You are viewing a plain text version of this content. The canonical link for it is here.

Posted to user@cassandra.apache.org by Ian Holsman <ha...@holsman.net> on 2011/06/09 21:41:24 UTC

need some help with counters

Hi.

I had a brief look at CASSANDRA-2103 (expiring counter columns), and I was wondering if anyone can help me with my problem.

I want to keep some page-view stats on a URL at different levels of granularity (page views per hour, page views per day, page views per year etc etc).


so my thinking was to create something a counter with a key based on Year-Month-Day-Hour, and simply increment the counter as I go along. 

this work's well and I'm getting my metrics beautifully put into the right places.

the only problem I have is that I only need the last 48-hours worth of metrics at the hour level.

how do I get rid of the old counters? 
do I need to write a archiver that will go through each url (could be millions) and just delete them?

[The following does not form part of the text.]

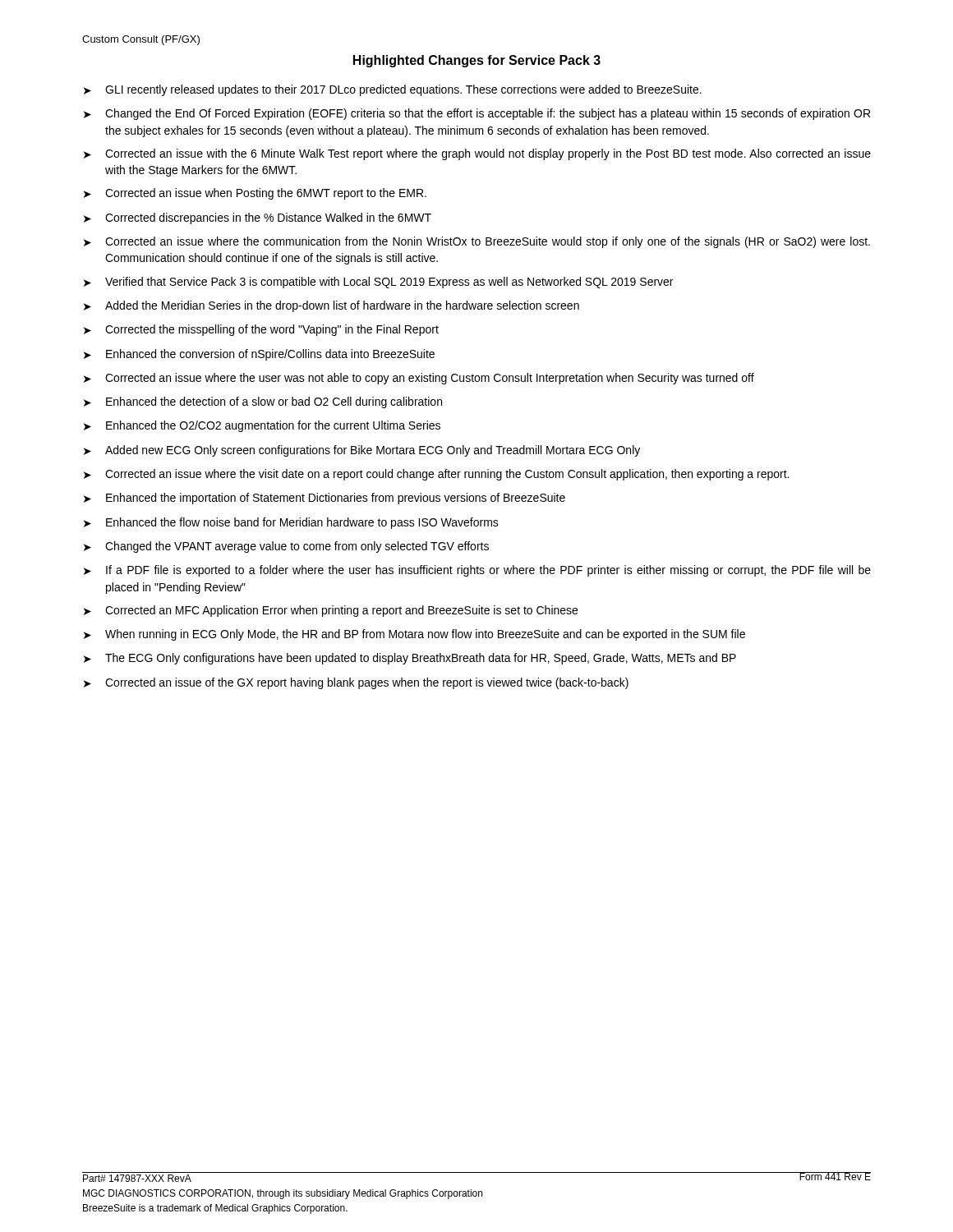Click on the passage starting "➤ Verified that Service Pack 3"

click(476, 282)

I'm sure other people have encountered this, and was wondering how they approached it.

TIA
Ian

Re: need some help with counters

Posted by Yang <te...@gmail.com>.

something like this:
https://issues.apache.org/jira/browse/CASSANDRA-2103

<https://issues.apache.org/jira/browse/CASSANDRA-2103>but this turns out not
feasible

On Thu, Jun 9, 2011 at 12:41 PM, Ian Holsman <ha...@holsman.net> wrote:

> Hi.
>
> I had a brief look at CASSANDRA-2103 (expiring counter columns), and I was
> wondering if anyone can help me with my problem.
>
> I want to keep some page-view stats on a URL at different levels of
> granularity (page views per hour, page views per day, page views per year
> etc etc).
>
>
> so my thinking was to create something a counter with a key based on
> Year-Month-Day-Hour, and simply increment the counter as I go along.
>
> this work's well and I'm getting my metrics beautifully put into the right
> places.
>
> the only problem I have is that I only need the last 48-hours worth of
> metrics at the hour level.
>
> how do I get rid of the old counters?
> do I need to write a archiver that will go through each url (could be
> millions) and just delete them?
>
> I'm sure other people have encountered this, and was wondering how they
> approached it.
>
> TIA
> Ian

Re: need some help with counters

Posted by Colin <co...@gmail.com>.

Hey guy, have you tried amazon turk?

--
Colin Clark
+1 315 886 3422 cell
+1 701 212 4314 office
http://cloudeventprocessing.com
http://blog.cloudeventprocessing.com
@EventCloudPro

*Sent from Star Trek like flat panel device, which although larger than my Star Trek like communicator device, may have typo's and exhibit improper grammar due to haste and less than perfect use of the virtual keyboard*
 

On Jun 9, 2011, at 3:41 PM, Ian Holsman <ha...@holsman.net> wrote:

> Hi.
> 
> I had a brief look at CASSANDRA-2103 (expiring counter columns), and I was wondering if anyone can help me with my problem.
> 
> I want to keep some page-view stats on a URL at different levels of granularity (page views per hour, page views per day, page views per year etc etc).
> 
> 
> so my thinking was to create something a counter with a key based on Year-Month-Day-Hour, and simply increment the counter as I go along. 
> 
> this work's well and I'm getting my metrics beautifully put into the right places.
> 
> the only problem I have is that I only need the last 48-hours worth of metrics at the hour level.
> 
> how do I get rid of the old counters? 
> do I need to write a archiver that will go through each url (could be millions) and just delete them?
> 
> I'm sure other people have encountered this, and was wondering how they approached it.
> 
> TIA
> Ian

Re: need some help with counters

Posted by Ian Holsman <ha...@holsman.net>.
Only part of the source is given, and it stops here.